Worms move faster in an environment riddled with randomly-placed obstacles than they do in an empty space. This surprising observation by physicists at the University of Amsterdam in the Netherlands can be explained by modelling the worms as polymer-like “active matter”, and it could come in handy for developers of robots for soil aeriation, fertility treatments and other biomedical applications.
When humans move, the presence of obstacles – disordered or otherwise – has a straightforward effect: it slows us down, as anyone who has ever driven through “traffic calming” measures like speed bumps and chicanes can attest. Worms, however, are different, says Antoine Deblais, who co-led the new study with Rosa Sinaasappel and theorist colleagues in Sara Jabbari Farouji’s group. “The arrangement of obstacles fundamentally changes how worms move,” he explains. “In disordered environments, they spread faster as crowding increases, while in ordered environments, more obstacles slow them down.”
A maze of cylindrical pillars
The team obtained this result by placing single living worms at the bottom of a water chamber containing a 50 x 50 cm array of cylindrical pillars, each with a radius of 2.5 mm. By tracking the worms’ movement and shape changes with a camera for two hours, the scientists could see how the animals behaved when faced with two distinct pillar arrangements: a periodic (square lattice) structure; and a disordered array. The minimum distance between any two pillars was set to the characteristic width of a worm (around 0.5 mm) to ensure they could always pass through.
“By varying the number and arrangement of the pillars (up to 10 000 placed by hand!), we tested how different environments affect the worm’s movement,” Sinaasappel explains. “We also reduced or increased the worm’s activity by lowering or raising the temperature of the chamber.”
These experiments showed that when the chamber contained a “maze” of obstacles placed at random, the worms moved faster, not slower. The same thing happened when the researchers increased the number of obstacles. More surprisingly still, the worms got through the maze faster when the temperature was lower, even though the cold reduced their activity.
Active polymer-like filaments
To explain these counterintuitive results, the team developed a statistical model that treats the worms as active polymer-like filaments and accounts for both the worms’ flexibility and the fact that they are self-driven. This analysis revealed that in a space containing disordered pillar arrays, the long-time diffusion coefficient of active polymers with a worm-like degree of flexibility increases significantly as the fraction of the surface occupied by pillars goes up. In regular, square-lattice arrangements, the opposite happens.

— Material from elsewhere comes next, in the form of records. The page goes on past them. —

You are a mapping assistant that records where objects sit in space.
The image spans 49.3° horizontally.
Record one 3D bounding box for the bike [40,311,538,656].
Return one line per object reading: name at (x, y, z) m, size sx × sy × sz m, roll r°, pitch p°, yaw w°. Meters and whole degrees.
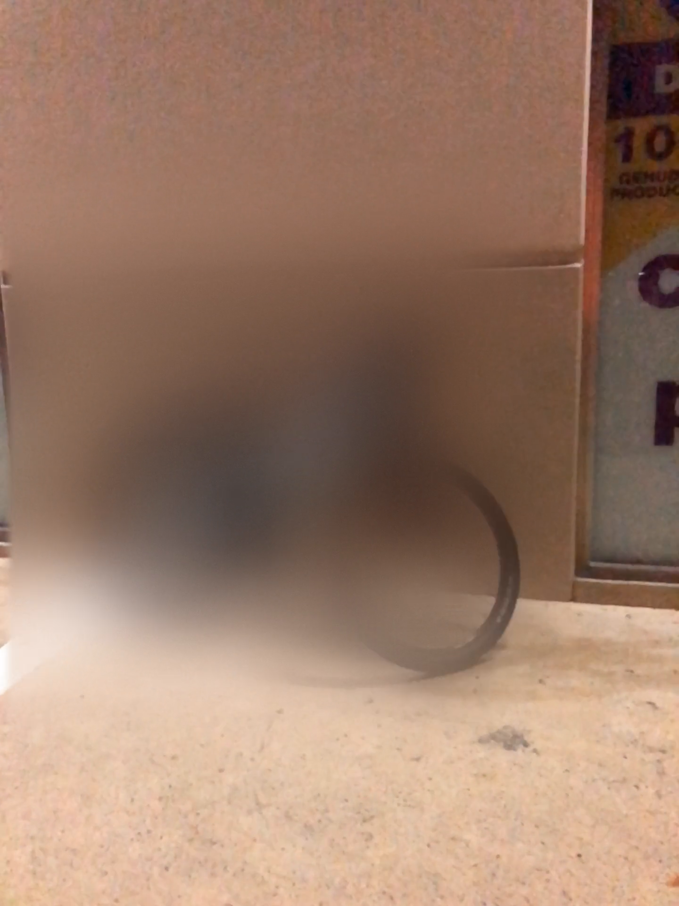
bike at (-0.155, 0.051, 2.740) m, size 1.602 × 1.065 × 0.588 m, roll 1°, pitch 10°, yaw 17°
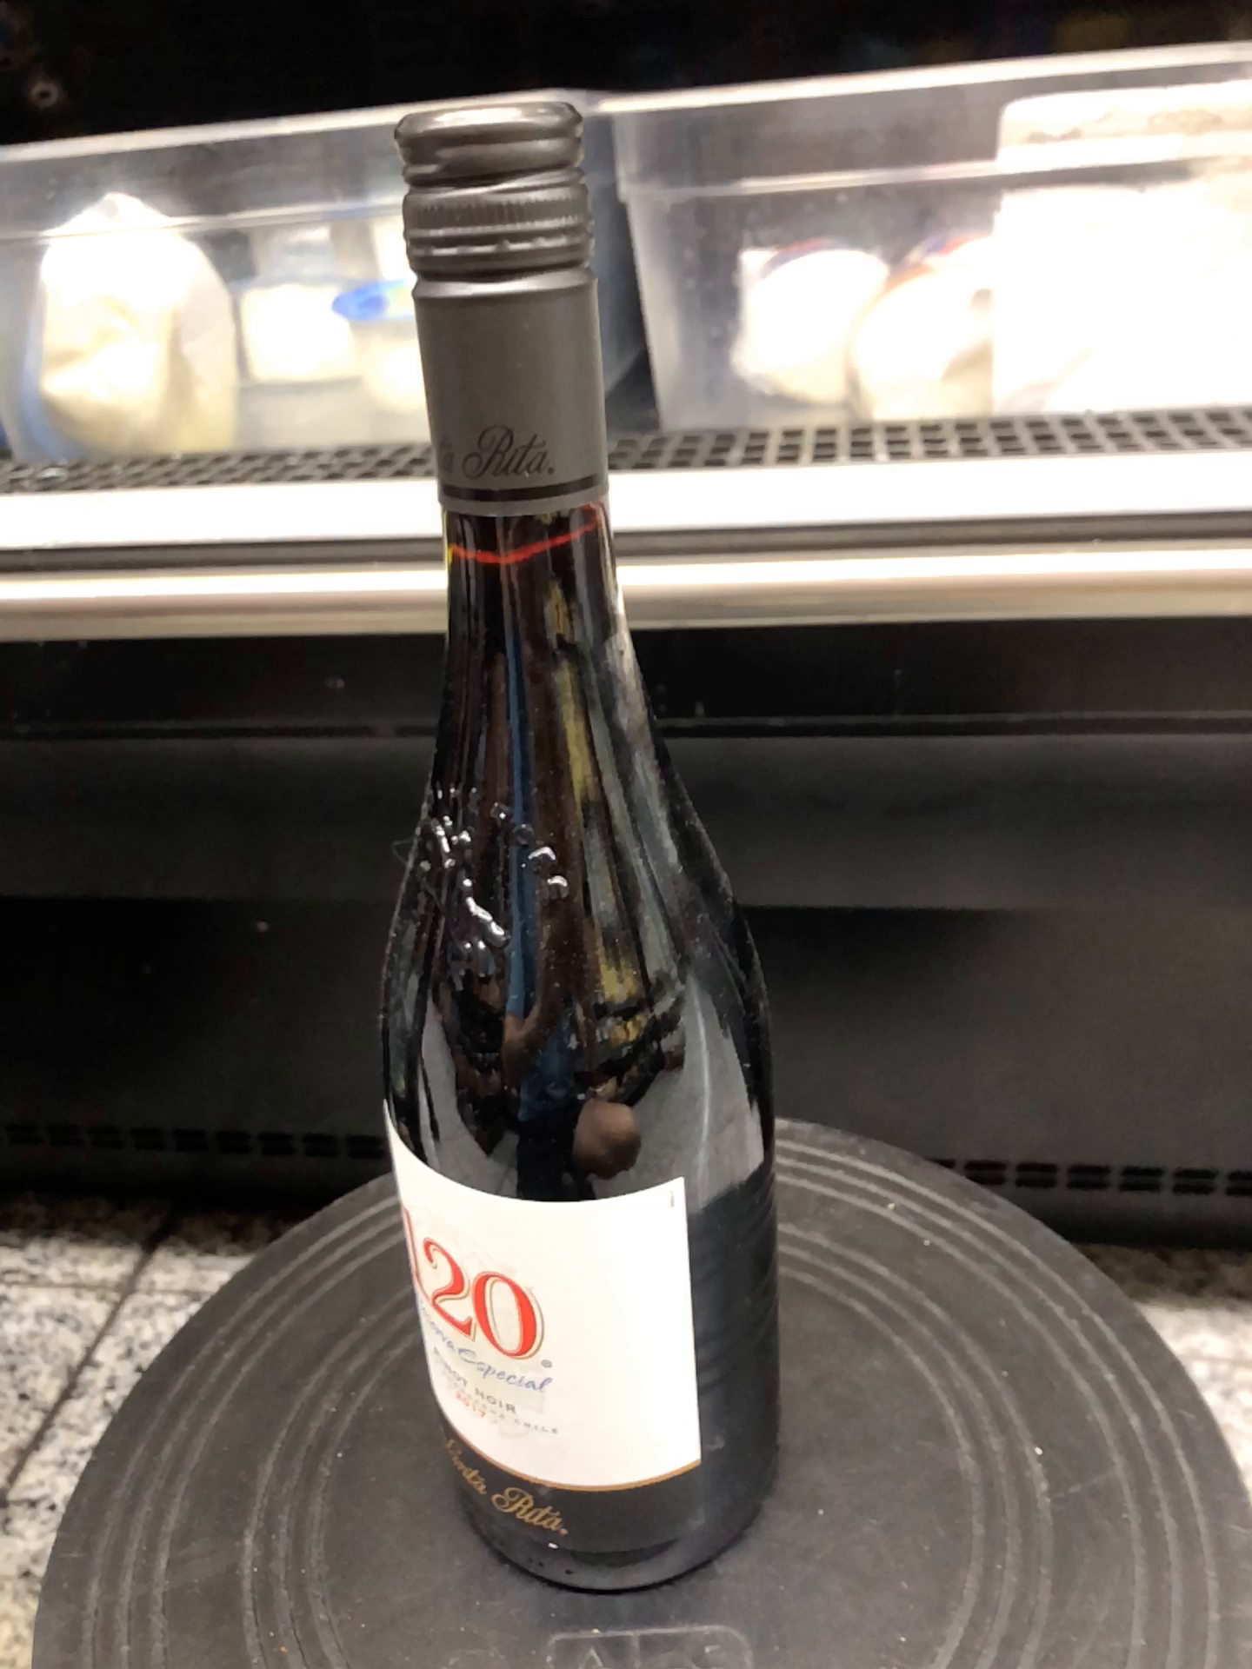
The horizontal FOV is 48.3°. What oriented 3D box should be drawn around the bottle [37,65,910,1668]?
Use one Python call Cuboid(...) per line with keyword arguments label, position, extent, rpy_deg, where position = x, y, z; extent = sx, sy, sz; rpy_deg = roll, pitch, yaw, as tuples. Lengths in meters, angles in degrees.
Cuboid(label="bottle", position=(-0.012, 0.021, 0.268), extent=(0.090, 0.288, 0.090), rpy_deg=(-4, 27, 2))
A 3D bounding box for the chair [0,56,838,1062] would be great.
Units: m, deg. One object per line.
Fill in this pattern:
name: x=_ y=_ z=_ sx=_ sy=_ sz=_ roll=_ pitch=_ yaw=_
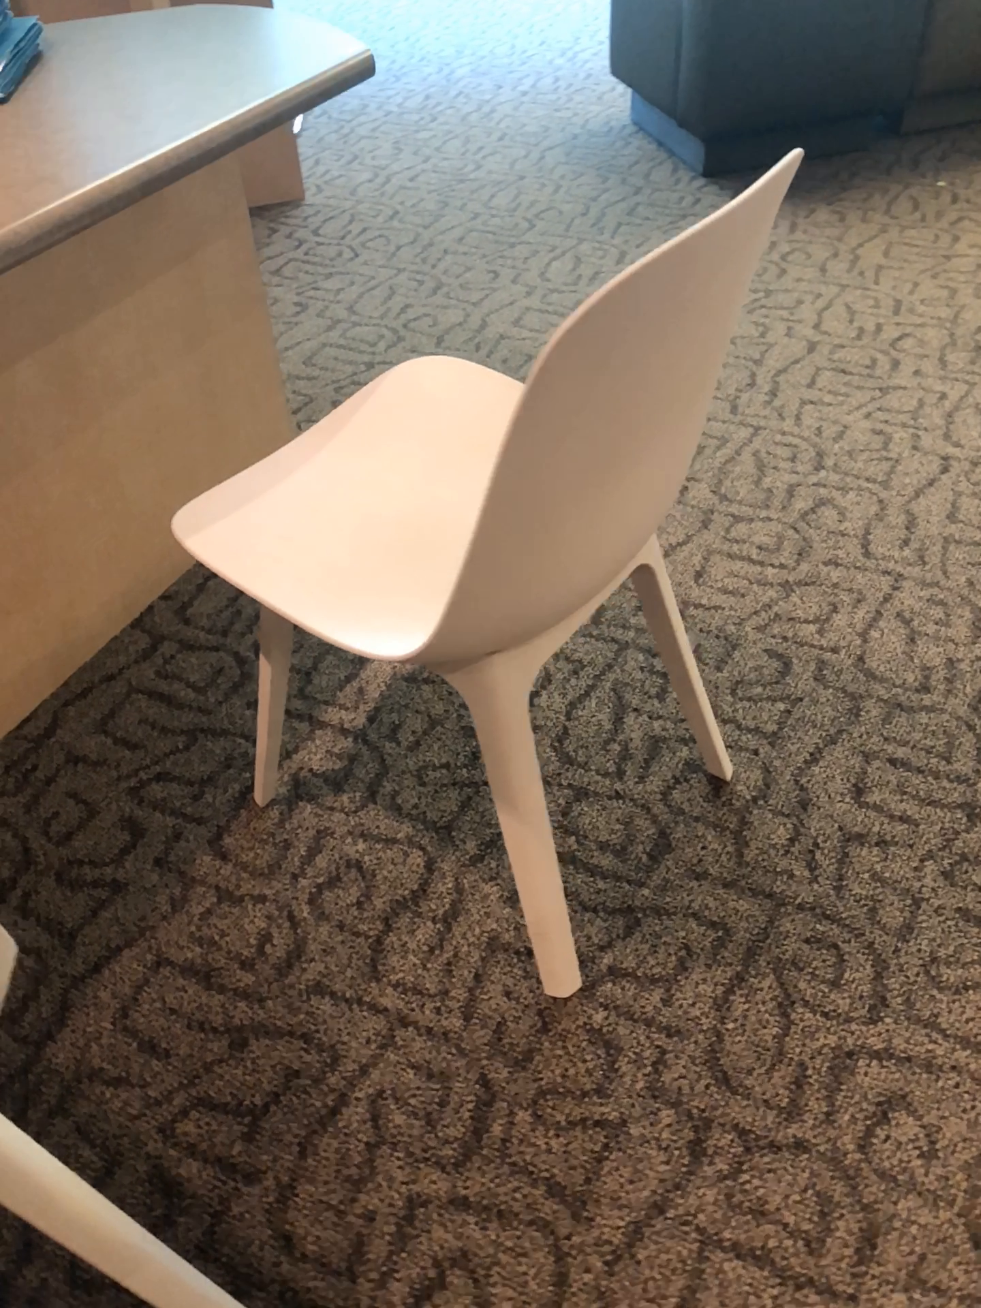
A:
chair: x=-0.059 y=-0.099 z=1.133 sx=0.551 sy=0.795 sz=0.482 roll=25 pitch=50 yaw=28
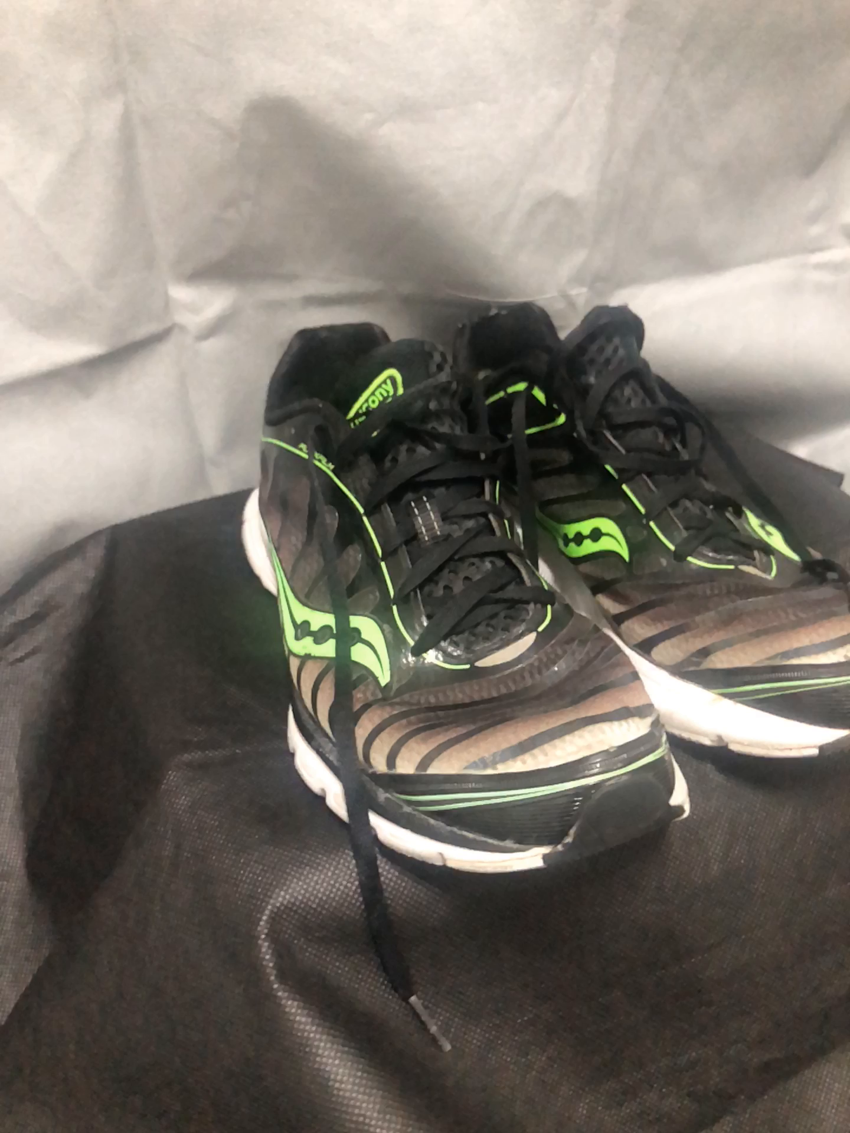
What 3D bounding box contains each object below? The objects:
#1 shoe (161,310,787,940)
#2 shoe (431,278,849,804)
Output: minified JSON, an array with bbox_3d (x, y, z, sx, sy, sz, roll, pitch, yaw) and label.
[{"bbox_3d":[-0.007,-0.008,0.332,0.117,0.096,0.225,-13,33,-21],"label":"shoe"},{"bbox_3d":[0.101,-0.034,0.371,0.114,0.097,0.225,-13,33,-21],"label":"shoe"}]
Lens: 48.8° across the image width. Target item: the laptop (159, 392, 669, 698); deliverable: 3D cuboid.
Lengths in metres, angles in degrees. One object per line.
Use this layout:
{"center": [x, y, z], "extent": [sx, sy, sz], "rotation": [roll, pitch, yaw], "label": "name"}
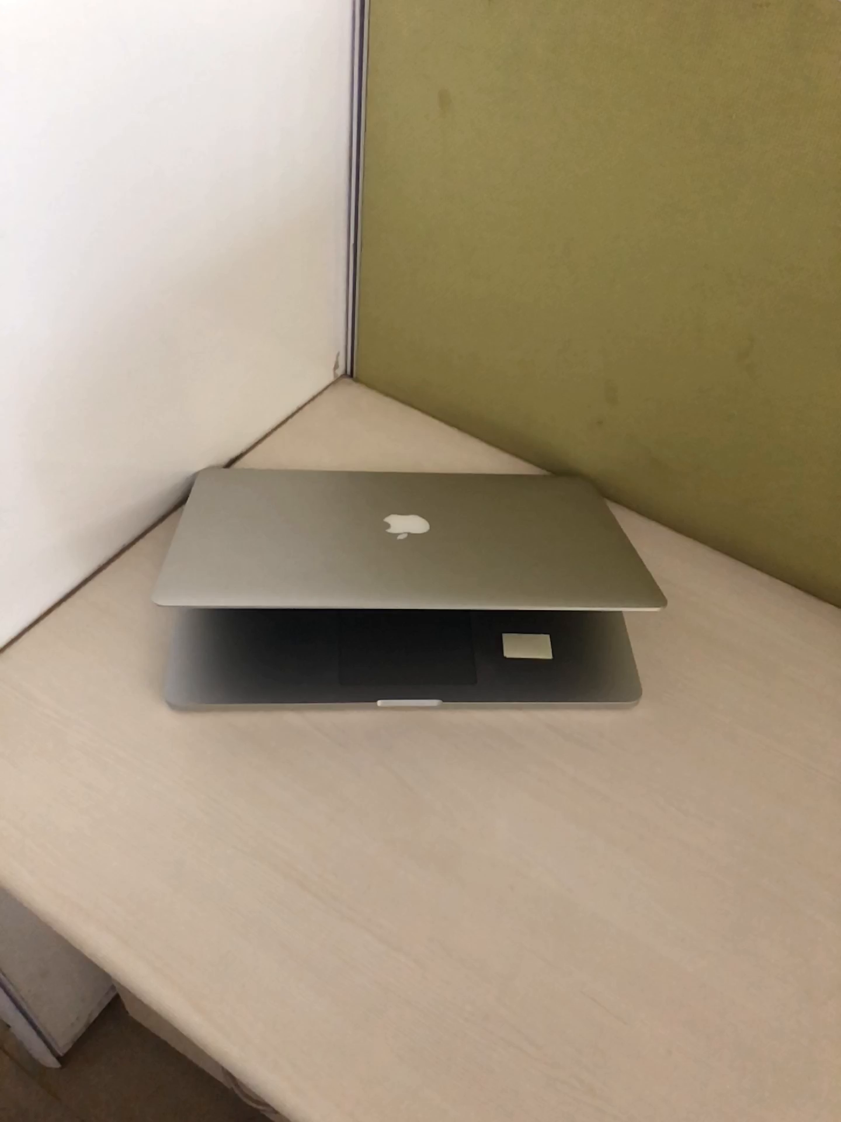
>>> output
{"center": [-0.010, -0.018, 0.731], "extent": [0.343, 0.083, 0.245], "rotation": [1, 48, -5], "label": "laptop"}

The team say that this increased diffusivity comes about because randomly-positioned pillars create narrow tube-like structures between them. These curvilinear gaps guide the worms and allow them to move as if they were straight rods for longer before they reorient. In contrast, ordered pillar arrangements create larger open spaces, or pores, in which worms can coil up. This temporarily traps them and they slow down.
Similarly, the team found that reducing the worm’s activity by lowering ambient temperatures increases a parameter known as its persistence length. This is essentially a measure of how straight the worm is, and straighter worms pass between the pillars more easily.
“Self-tuning plays a key role”
Identifying the right active polymer model was no easy task, says Jabbari Farouji. One challenge was to incorporate the way worms adjust their flexibility depending on their surroundings. “This self-tuning plays a key role in their surprising motion,” says Jabbari Farouji, who credits this insight to team member Twan Hooijschuur.
Understanding how active, flexible objects move through crowded environments is crucial in physics, biology and biophysics, but the role of environmental geometry in shaping this movement was previously unclear, Jabbari Farouji says. The team’s discovery that movement in active, flexible systems can be controlled simply by adjusting the environment has important implications, adds Deblais.
“Such a capability could be used to sort worms by activity and therefore optimize soil aeration by earthworms or even influence bacterial transport in the body,” he says. “The insights gleaned from this study could also help in fertility treatments – for instance, by sorting sperm cells based on how fast or slow they move.”
Looking ahead, the researchers say they are now expanding their work to study the effects of different obstacle shapes (not just simple pillars), more complex arrangements and even movable obstacles. “Such experiments would better mimic real-world environments,” Deblais says.
The present work is detailed in Physical Review Letters.